In 2015, when the biotech where she had been chief medical officer for four years got scooped up by Celgene for about $7 billion, Dr. Sheila Gujrathi took a step back and thought about her next move.
A Stanford- and Harvard-trained physician, Gujrathi had also worked at healthcare companies for more than 15 years, including at big names like Genentech and Bristol-Myers Squibb.
Gujrathi knew she wasn’t done with her career. She also realized two things. One, she wanted to start her own company. And she wanted to run it herself.
Today that is Gossamer Bio, a $1.2 billion biotech in San Diego focused on the science of the immune system, the human body’s defense against disease, as well as diseases of inflammation and cancer.
The company is named after the thin, delicate “gossamer” threads that tie different people together, in honor of the company’s relationships with everyone from its employees to patients.
It’s developing treatments for a severe sub-type of asthma, long-term sinus inflammation, chronic hives, a type of high blood pressure, inflammatory bowel disease, and more.

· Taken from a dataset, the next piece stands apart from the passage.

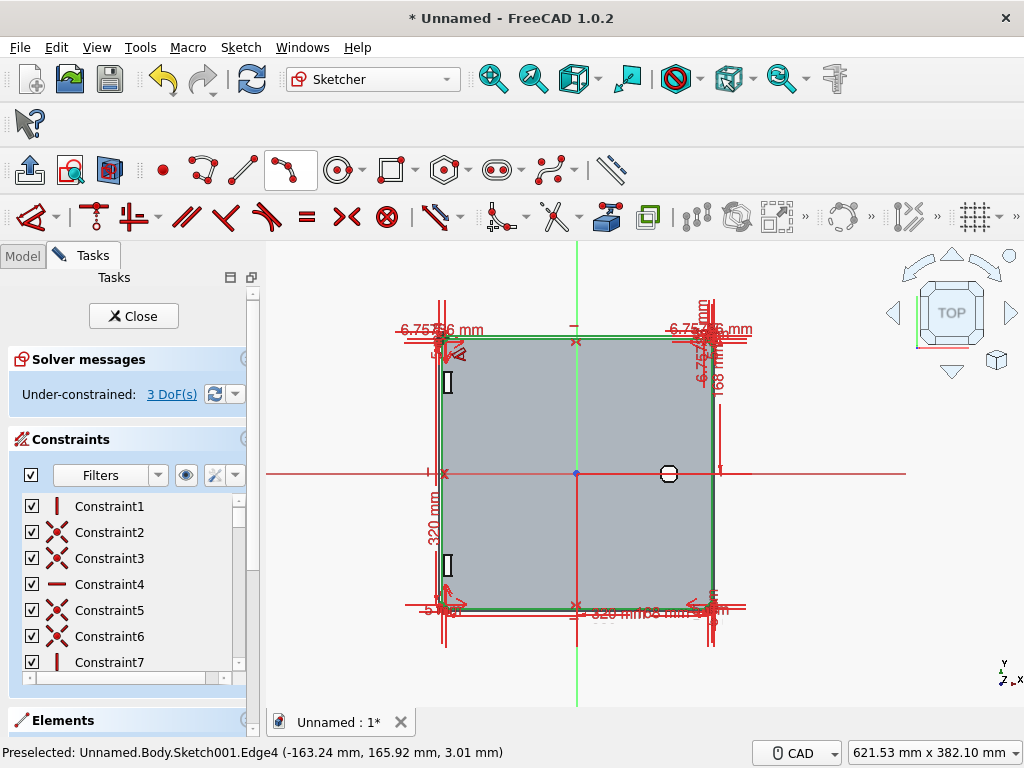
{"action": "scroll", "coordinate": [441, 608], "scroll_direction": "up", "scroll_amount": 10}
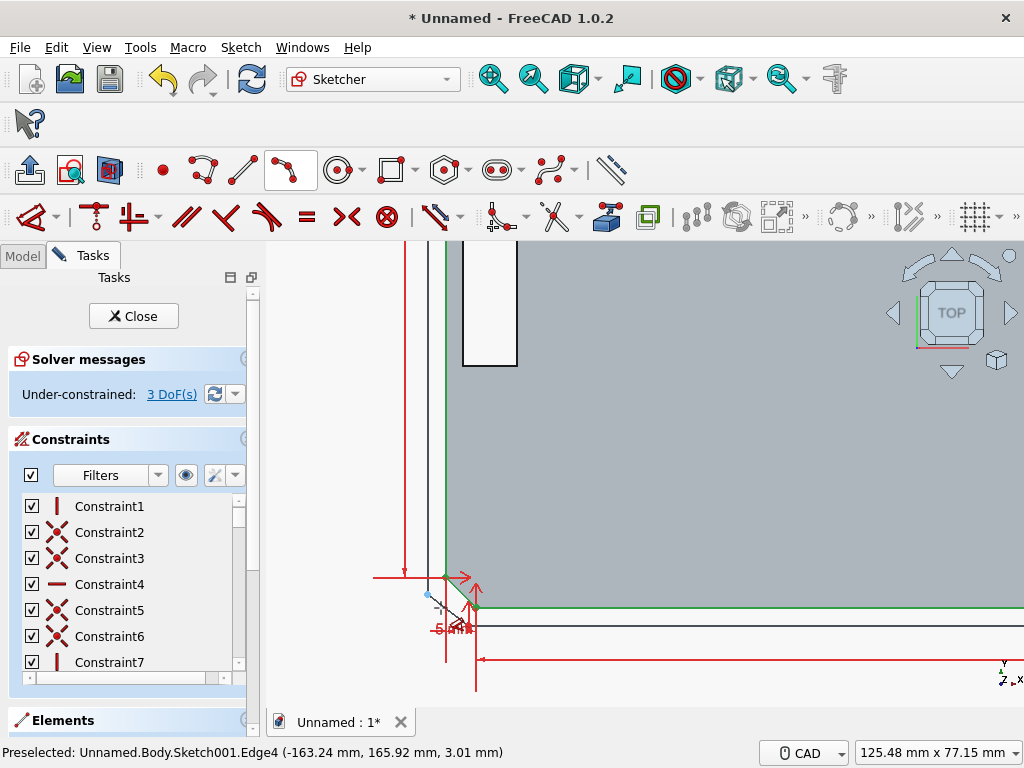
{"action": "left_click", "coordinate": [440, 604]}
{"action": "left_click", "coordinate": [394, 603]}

“What drew me to this was really building this from the ground up,” Gujrathi, today the co-founder and CEO of Gossamer Bio, told Business Insider.
Preparing to be a CEO with 3 key jobs
When Gujrathi founded Gossamer Bio, which was launched last year, she was taking on the job of CEO for the first time.
That meant assuming a wide range of responsibilities, from overseeing different parts of the company, to financing, expenses, operations and admin.
Not to mention, “how to work well with the board, how to really have a highly-functioning executive team, and that’s really integrated across all the organizations,” she said.
Asked what the experience was like, Gujrathi pointed to three previous roles that were especially good training.
First, a stint as a management consultant at McKinsey early in her career. There, Gujrathi said she got a good deal of business training on subjects like project management and communications.
“I came in with that type of mindset, really understanding how to be a business consultant, thinking analytically about the business and types of problems that needed to be solved,” she said.
Then there was her time at Receptos as its chief medical officer for four years.
That role, like being CEO, means overseeing a major part of a company’s operations. It’s a high-pressure, high-stress position, overseeing things that can make or break a biotech, like designing research trials and ensuring data is high quality.
“I think it’s a great step to being a CEO, with so much content and importance to what a clinical biotech company does,” she said.
“Obviously now I’m working on financing strategy, business development, investor relations” and more, she added, “but the skills I have” served her well as CEO.
And of course, Gujrathi’s medical background comes in handy every day, as does a drive for making medicines that can better serve patients, she said.
“So it’s a great mix, a great marriage, if you will, being CEO of a biotech company,” Gujrathi said.